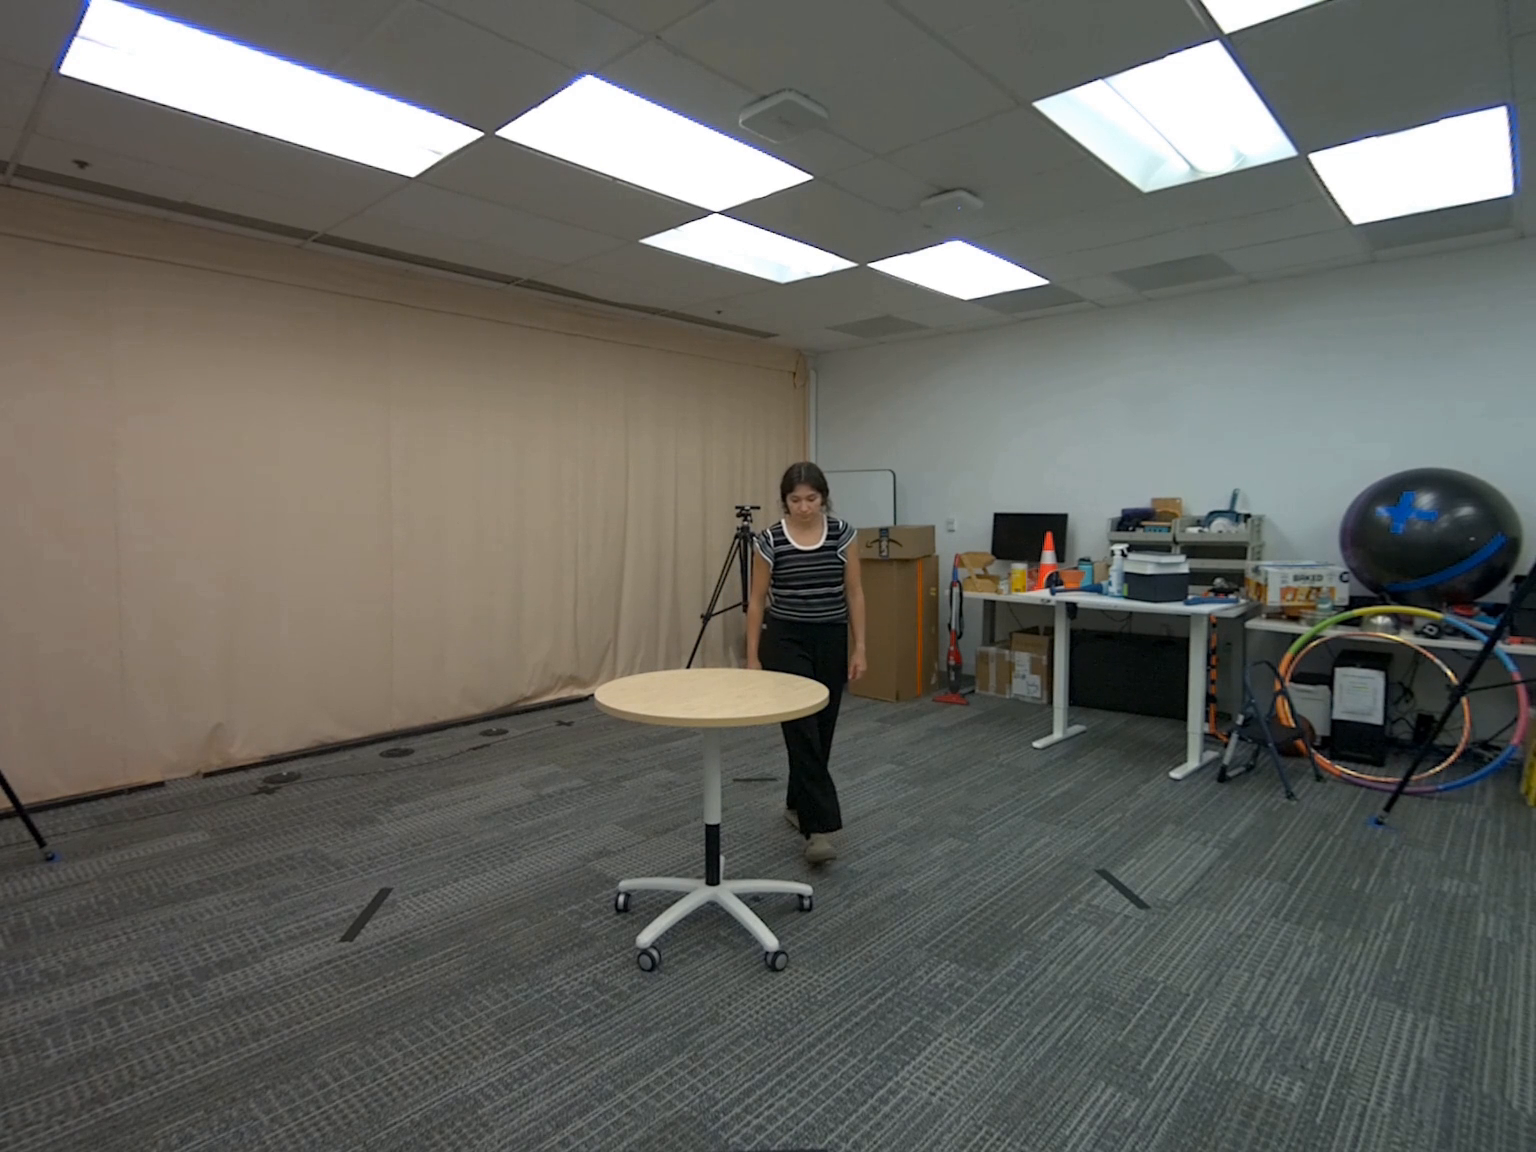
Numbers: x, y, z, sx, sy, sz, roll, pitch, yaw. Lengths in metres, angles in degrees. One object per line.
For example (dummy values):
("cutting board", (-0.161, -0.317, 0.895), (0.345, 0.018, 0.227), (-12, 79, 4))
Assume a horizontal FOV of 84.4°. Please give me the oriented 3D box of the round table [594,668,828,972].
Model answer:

┄┄┄┄┄┄

Could you set down every entry again exactly as written, leaving out any pictures?

Numbers: x, y, z, sx, sy, sz, roll, pitch, yaw. Lengths in metres, angles in degrees. One object per line.
For example (dummy values):
("cutting board", (-0.161, -0.317, 0.895), (0.345, 0.018, 0.227), (-12, 79, 4))
Assume a horizontal FOV of 84.4°. Please give me the oriented 3D box of the round table [594,668,828,972].
Model answer:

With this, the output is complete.